Hubert Reeves en vient donc à souhaiter une évaluation qualitative de la croissance : selon ce dont on parle, c’est la croissance ou la décroissance qui est souhaitable. De nombreuses tentatives ont été faites pour construire un indicateur de la croissance « humaine », tenant compte, par exemple, du taux d’analphabétisme, de la mortalité infantile, des maladies épidémiques, etc. Le problème de ces tentatives est double : d’une part, techniquement, ils consistent à « assaisonner » des données de natures diverses et contraignent donc à recourir à des conventions mathématiques pour les combiner en un seul indicateur synthétique.

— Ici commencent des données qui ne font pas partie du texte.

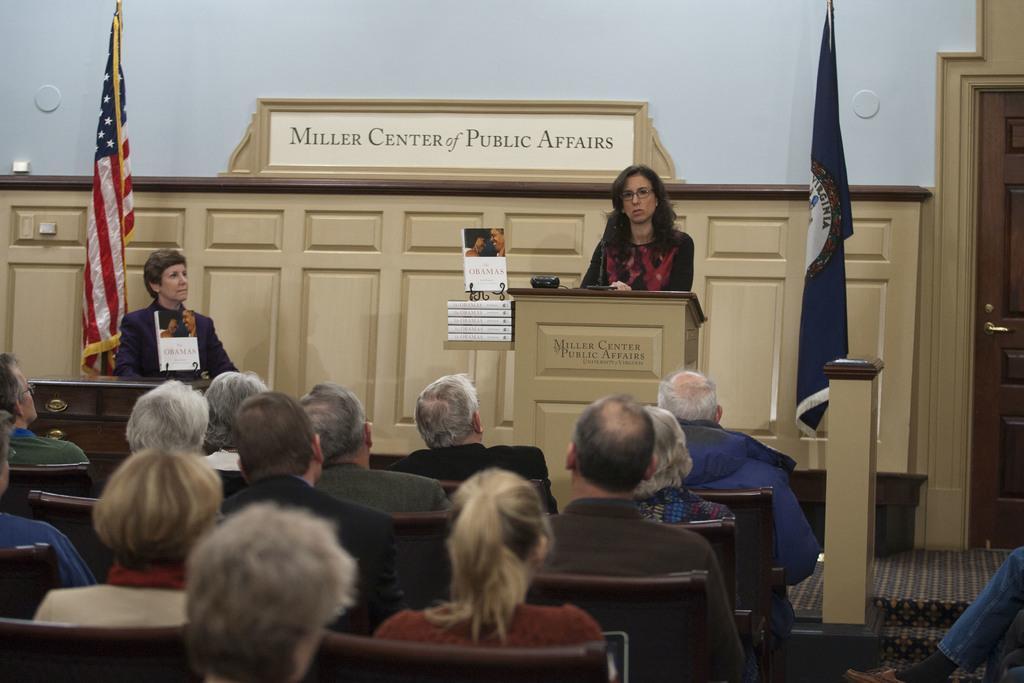Could you give a brief overview of what you see in this image? As we can see in the image there is a white color wall, flags, chairs, cupboards, door and group of people.

D’autre part, sur le plan idéologique, ils impliquent des choix de paramètres jugés significatifs de ce que serait une « vie meilleure », autrement dit des choix axiologiques : l’éducation est-elle plus importante que la santé ou que la sécurité routière ? Comment mesurer le bonheur ? L’égalité des sexes est-elle aussi urgente que l’égalité des groupes ethniques ? Etc.

 

Jean de Kervasdoué (cf. Le Monde du 20 Mai 2005) avait proposé de remplacer le PIB, comme indicateur de la richesse des nations, par l’espérance de vie. Cette proposition est intéressante de trois points de vue, technique, axiologique, et heuristique.

 

Sur le plan technique, elle substitue à un indicateur lui-même composite (le PIB, agrégat de prix marchands) et difficile à étalonner, ainsi que les autres indicateurs proposés pour le remplacer, un indicateur simple et univoque, susceptible d’être mesuré et décliné sur différents sous-ensembles géographiques, sociaux et politiques.

 

Sur le plan axiologique, l’espérance de vie ne suppose pas de choix moral sur ce que serait une vie meilleure ou « réussie », selon l’expression de Luc Ferry. L'espérance de vie se mesure indépendamment de ce que chacun en fait. La durée de vie humaine est le potentiel, tant de travail et de production que de consommation, et aussi de tous les autres éléments du développement humain, sans préjuger en aucune façon que celui-ci ait plus de valeur ou plus de sens que celui-là.

 

Enfin, sur le plan heuristique, il permet d’envisager une économie du temps humain, qui reste à construire. S’il est vrai que «  le temps, c’est de l’argent », comme le disait Benjamin Franklin, c’est-à-dire que chaque heure d’une vie humaine peut (et doit, selon lui) être utilisée à produire de la richesse, inversement, il est nécessaire que l’argent soit du temps, c’est-à-dire que chaque richesse économique est une quantité de temps (temps de travail) cristallisée dans la marchandise. La « valeur-travail » de Smith, Ricardo et Marx n’a pas toujours été correctement interprétée, y compris par ses propres auteurs eux-mêmes. Lorsqu’une heure est dédiée au travail, ou à une autre activité, elle est prise sur l’espérance de vie de la population considérée et doit donc y être rapportée. Le travail est un emploi de la ressource espérance de vie. Inversement, cette heure de travail peut produire de la richesse humaine si elle contribue à allonger l’espérance de vie.

 

Hubert Reeves introduit dans le débat, il est vrai, une préoccupation transgénérationnelle qui n’est pas prise en compte par cette perspective. Mais il me semble que les deux questions sont distinctes.